Researchers pinpoint restoration hotspots in 15 countries, including Brazil, Indonesia, India and Colombia, across four continents where reviving forests would deliver the biggest carbon, water and wildlife benefits for the buck
In a peer-reviewed report released today, researchers identified more than 100 million hectares of lost lowland tropical rain forests—restoration hotspots— spread out across Central and South America, Africa and Southeast Asia that present the most compelling opportunities for restoration to overcome rising global temperatures, water pollution and shortages, and the extinction of plant and animal life. Brazil, Indonesia, Madagascar, India and Colombia have the largest accumulated area of restoration hotspots; six African countries–Rwanda, Uganda, Burundi, Togo, South Sudan, and Madagascar–are home to the areas presenting the best restoration opportunities on average. “Restoring tropical forests is fundamental to the planet’s health, now and for generations to come,” said lead author Pedro Brancalion, from the University of São Paulo, Brazil. “For the first time, our study helps governments, investors and others seeking to restore global tropical moist forests to determine precise locations where restoring forests is most viable, enduring and beneficial. Restoring forests is a must do–and it’s doable.”
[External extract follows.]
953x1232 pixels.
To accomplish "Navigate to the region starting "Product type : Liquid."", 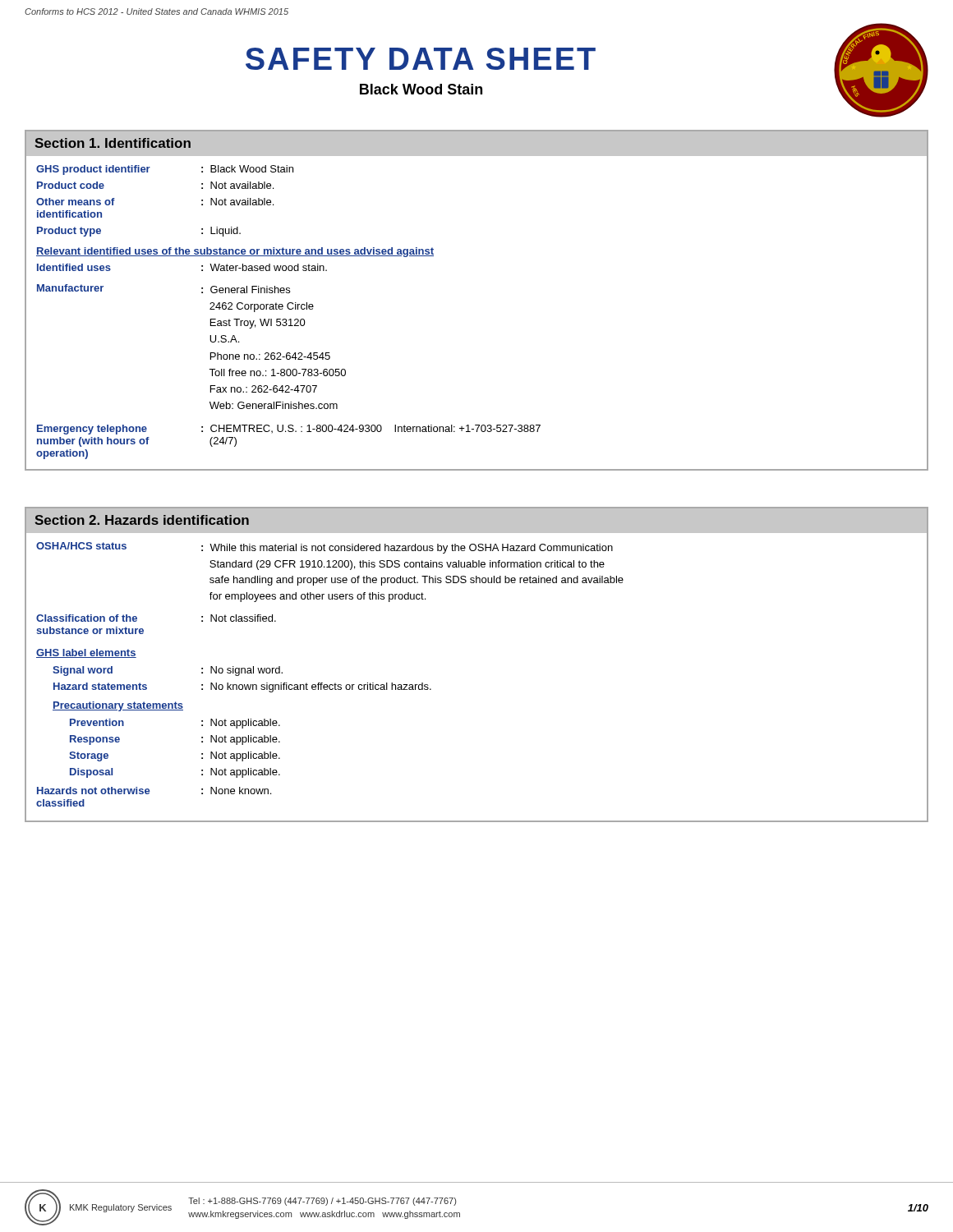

The 12 authors of the Science Advances study, Global restoration opportunities in tropical rainforest landscapes, used high-resolution satellite imagery and the latest peer-reviewed research on four forest benefits (biodiversity, climate change mitigation and adaptation and water security) and three aspects of restoration effort (cost, investment risk and the likelihood of restored forests surviving into the future) to assess and “score” all tropical lands worldwide in 1 kilometer square blocks that retained less than 90 percent of their forest cover. Restoration hotspots are those lands that scored in the top 10 percent, meaning that restoring them would be the most beneficial and the least costly and risky.
- The top 15 countries with the largest restoration hotspots were found across the all tropical forest biomes, or zones: three in the Neotropics, five in the Afrotropics, and seven in Indo-Malaysia and Australasia.
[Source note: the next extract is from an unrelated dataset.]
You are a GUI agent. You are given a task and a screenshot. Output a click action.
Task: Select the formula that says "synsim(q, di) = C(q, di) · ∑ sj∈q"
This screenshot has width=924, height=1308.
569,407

- The five countries with the largest restoration hotspot by area are Brazil, Indonesia, India, Madagascar, and Colombia.
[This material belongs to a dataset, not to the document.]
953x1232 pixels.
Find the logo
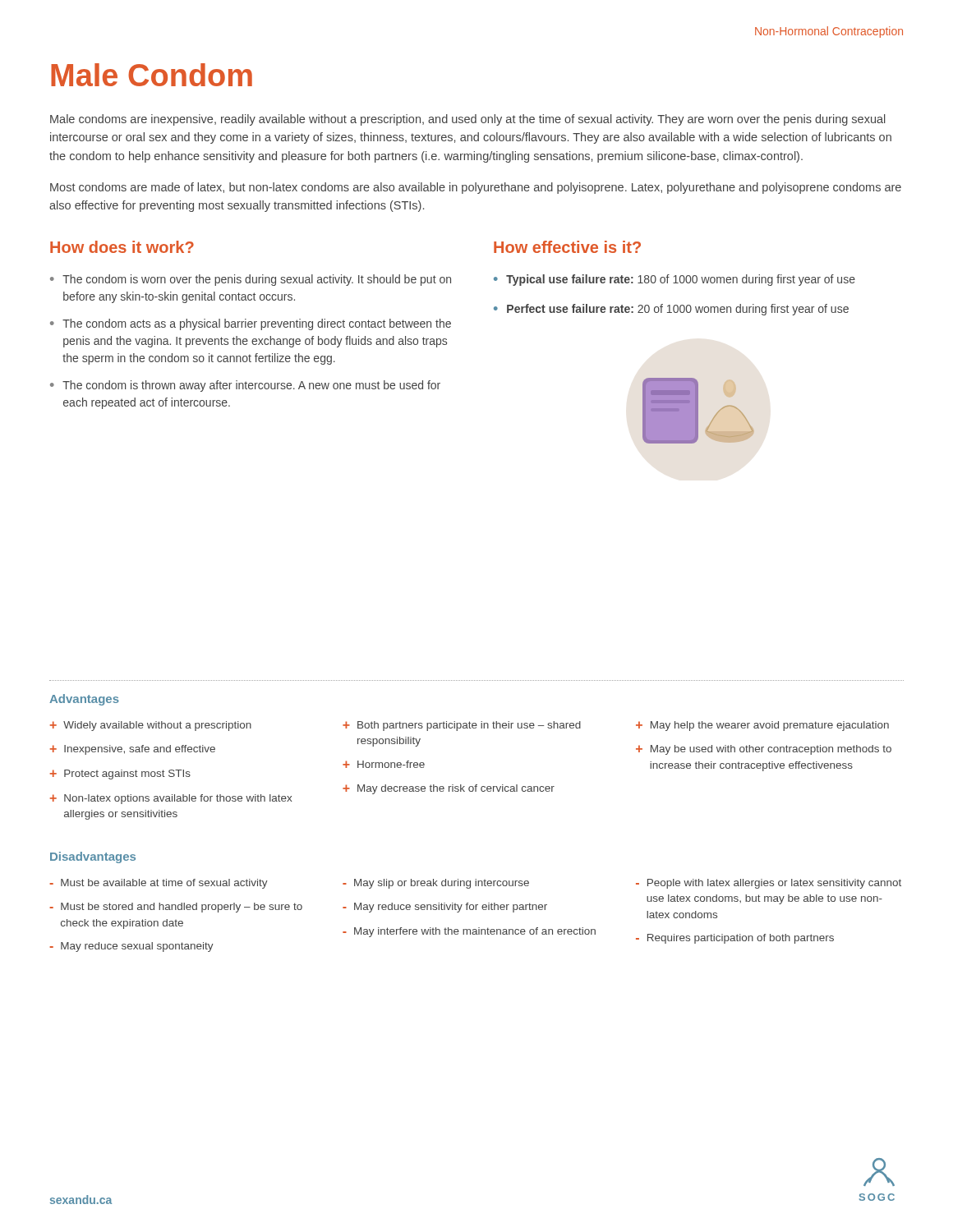click(x=879, y=1182)

- The six countries with the highest mean score were found in Africa: Rwanda, Uganda, Burundi, Togo, South Sudan, and Madagascar. “We were surprised to find such a concentration of highly ranked countries in a single continent,” co-author Robin Chazdon said. “The study really highlights the high potential for successful rainforest restoration outcomes in these African countries.”
- Nearly 87 percent of the restoration hotspots were found within biodiversity conservation hotspots, areas that hold high concentrations of species found nowhere else, but are at high risk for deforestation.
- The Atlantic Forest was the global hotspot for biodiversity conservation with the largest hotspot area for restoration, highlighting the great opportunity that this biome presents to receive international restoration investments;
- Seventy-three percent of the restoration hotspots were found in countries that have made restoration commitments as part of the Bonn Challenge, a global effort to bring 150 million hectares of the world’s deforested and degraded land into restoration by 2020, and 350 million hectares by 2030. “It’s encouraging that so many hotspots are located in countries where restoring forests and landscapes is already a priority,” said Brancalion.
In most cases, restoration hotspots overlap with fields and pastures currently in use by farmers. As a result, the study shows, restoring forests is most feasible on lands of low value for agricultural production. Alternatively, the researchers argue, restoration could be coupled with income-generating forms of production through, for example, enriching pastures with trees, harvesting forest-based products like rattan and growing coffee or cocoa beneath a forest canopy. Any decisions about changing land use must fully engage local communities, as restoration should complement rather than compete with food security and land rights. In other cases, these hotspots include abandoned, degraded farmlands or government lands.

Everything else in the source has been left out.